┌──

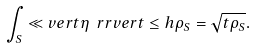Convert formula to latex. <formula><loc_0><loc_0><loc_500><loc_500>\int _ { S } \ll v e r t \eta \ r r v e r t \leq h \rho _ { S } = \sqrt { t \rho _ { S } } .</formula> 
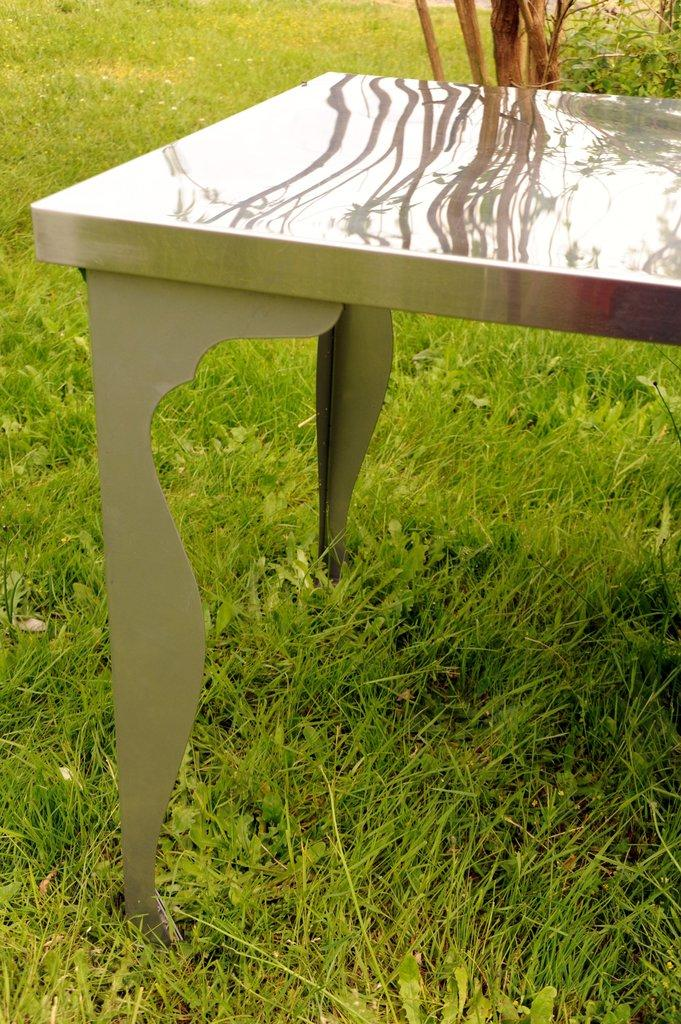What type of surface is visible in the image? There is a grass surface in the image. What is placed on the grass surface? There is a table on the grass surface. What can be seen behind the table? There are plants visible behind the table. What type of wine is being served on the grass surface in the image? There is no wine present in the image; it only features a grass surface, a table, and plants. 
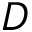Convert formula to latex. <formula><loc_0><loc_0><loc_500><loc_500>D</formula> 
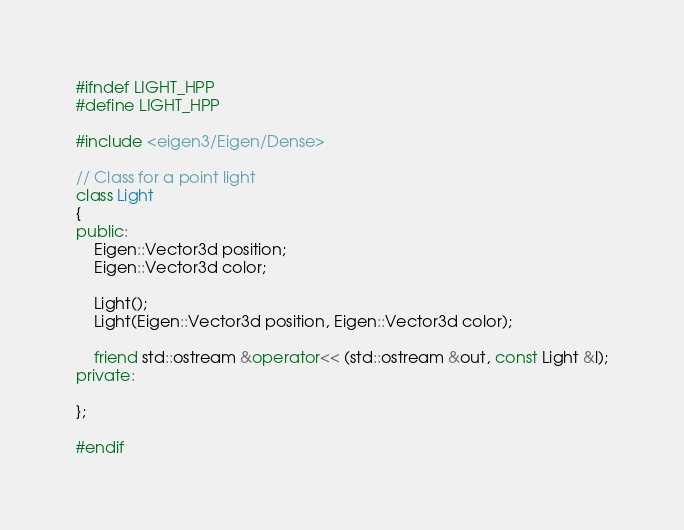<code> <loc_0><loc_0><loc_500><loc_500><_C++_>#ifndef LIGHT_HPP
#define LIGHT_HPP

#include <eigen3/Eigen/Dense>

// Class for a point light
class Light
{
public:
	Eigen::Vector3d position;
	Eigen::Vector3d color;

	Light();
	Light(Eigen::Vector3d position, Eigen::Vector3d color);

	friend std::ostream &operator<< (std::ostream &out, const Light &l);
private:

};

#endif</code> 
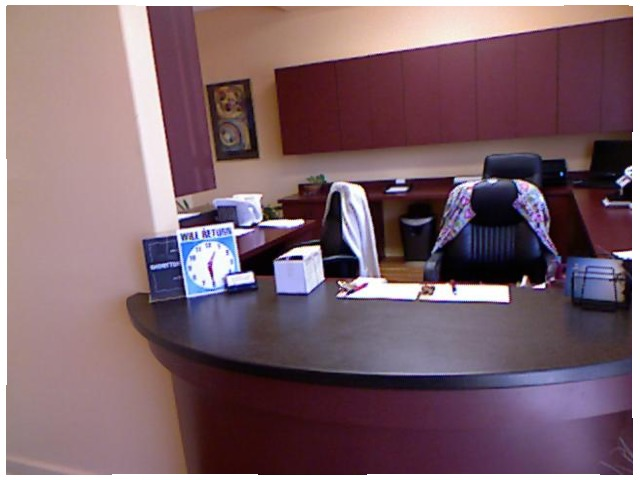<image>
Is there a table in front of the chair? Yes. The table is positioned in front of the chair, appearing closer to the camera viewpoint. Is the chair behind the desk? Yes. From this viewpoint, the chair is positioned behind the desk, with the desk partially or fully occluding the chair. Is the shirt behind the chair? Yes. From this viewpoint, the shirt is positioned behind the chair, with the chair partially or fully occluding the shirt. Is the clock behind the buiness cards? Yes. From this viewpoint, the clock is positioned behind the buiness cards, with the buiness cards partially or fully occluding the clock. 
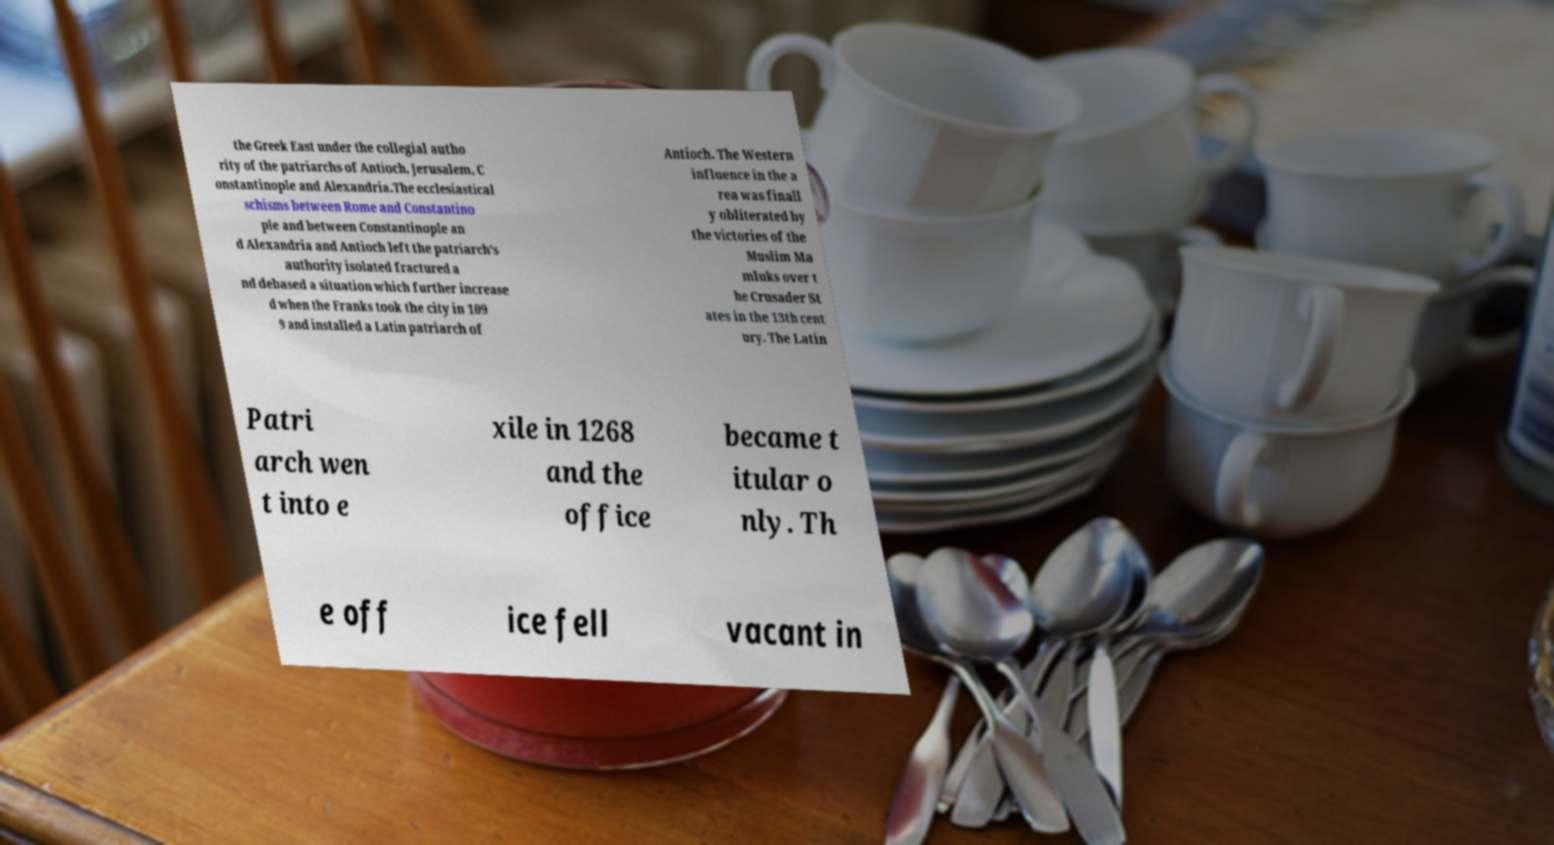I need the written content from this picture converted into text. Can you do that? the Greek East under the collegial autho rity of the patriarchs of Antioch, Jerusalem, C onstantinople and Alexandria.The ecclesiastical schisms between Rome and Constantino ple and between Constantinople an d Alexandria and Antioch left the patriarch's authority isolated fractured a nd debased a situation which further increase d when the Franks took the city in 109 9 and installed a Latin patriarch of Antioch. The Western influence in the a rea was finall y obliterated by the victories of the Muslim Ma mluks over t he Crusader St ates in the 13th cent ury. The Latin Patri arch wen t into e xile in 1268 and the office became t itular o nly. Th e off ice fell vacant in 
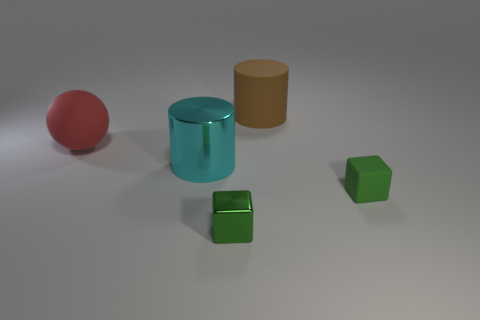There is another thing that is the same shape as the small rubber object; what is its material?
Offer a terse response. Metal. Is the size of the green thing in front of the green rubber thing the same as the cyan shiny object?
Offer a terse response. No. There is a matte sphere; what number of big cylinders are in front of it?
Your answer should be compact. 1. Are there fewer matte objects behind the large red sphere than cyan cylinders behind the cyan cylinder?
Provide a succinct answer. No. How many cylinders are there?
Ensure brevity in your answer.  2. The big matte thing on the right side of the shiny block is what color?
Ensure brevity in your answer.  Brown. How big is the green matte object?
Your response must be concise. Small. There is a rubber cylinder; is it the same color as the big cylinder on the left side of the brown matte thing?
Your response must be concise. No. What is the color of the shiny thing that is in front of the matte cube in front of the big ball?
Offer a very short reply. Green. There is a big object right of the green shiny block; does it have the same shape as the big red object?
Your response must be concise. No. 
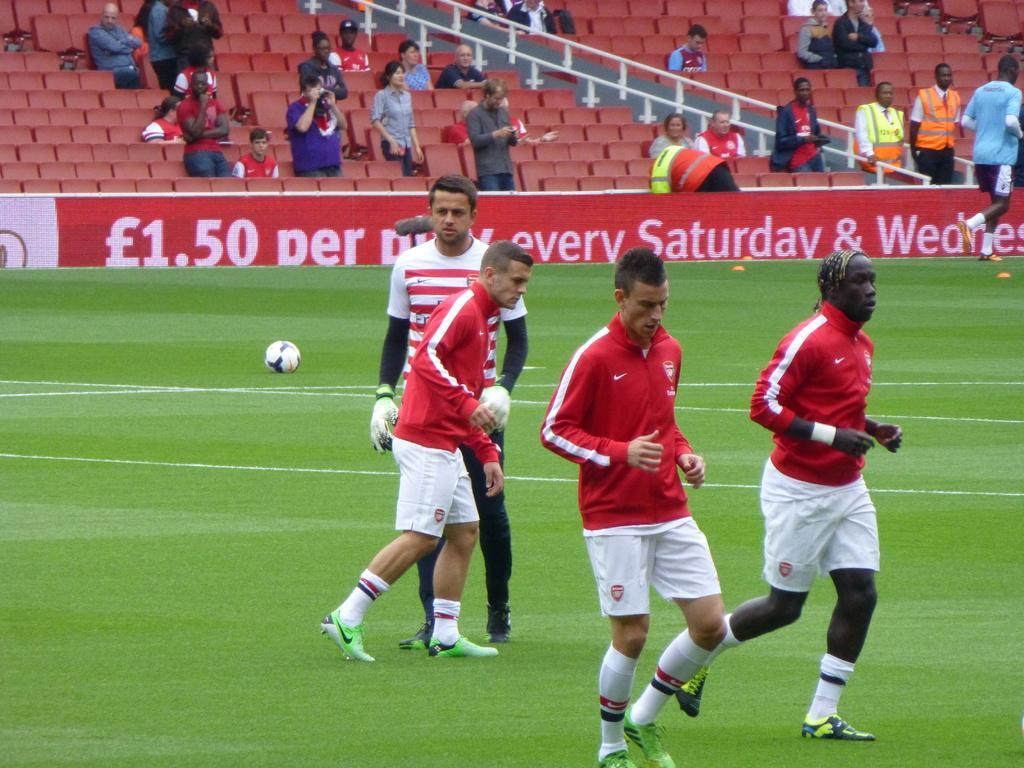<image>
Provide a brief description of the given image. The advertisement bordering a soccer field promises a certain price on Saturdays and Wednesdays. 
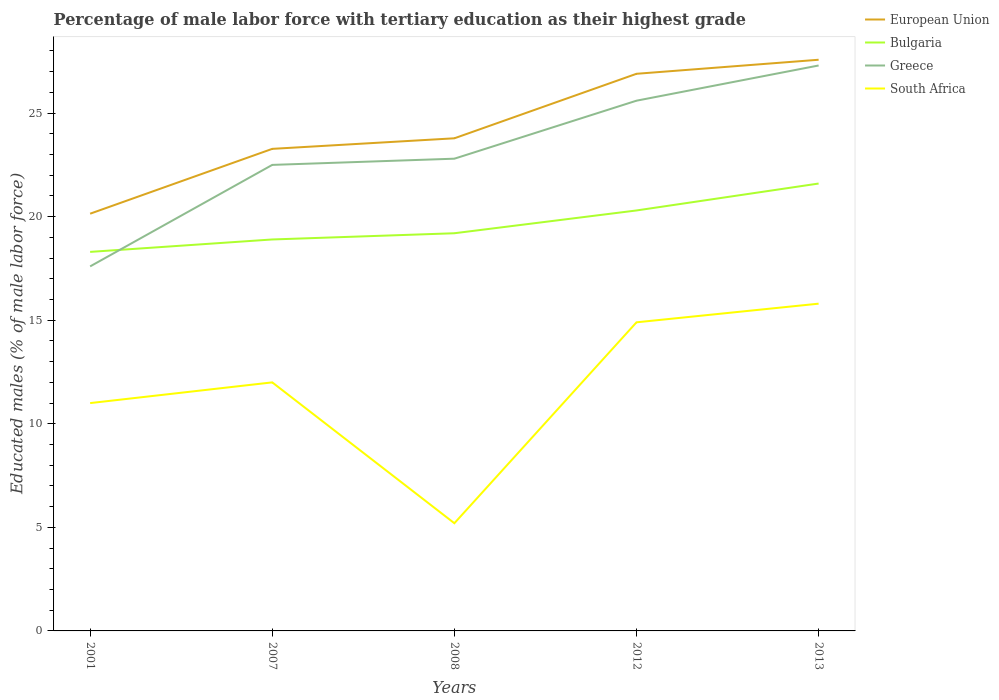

└──

Exercise description: Every picture stays out; reproduce exactly the lines from the one with "Your response must be concise. Small." through the last line of the data above.

Solution to this problem:
Your response must be concise. Small. There is a rubber cylinder; is it the same color as the big cylinder on the left side of the brown matte thing?
Your response must be concise. No. What is the color of the shiny thing that is in front of the matte cube in front of the big ball?
Offer a very short reply. Green. There is a big object right of the green shiny block; does it have the same shape as the big red object?
Your response must be concise. No. 
<image>
Provide a brief description of the given image. The advertisement bordering a soccer field promises a certain price on Saturdays and Wednesdays. 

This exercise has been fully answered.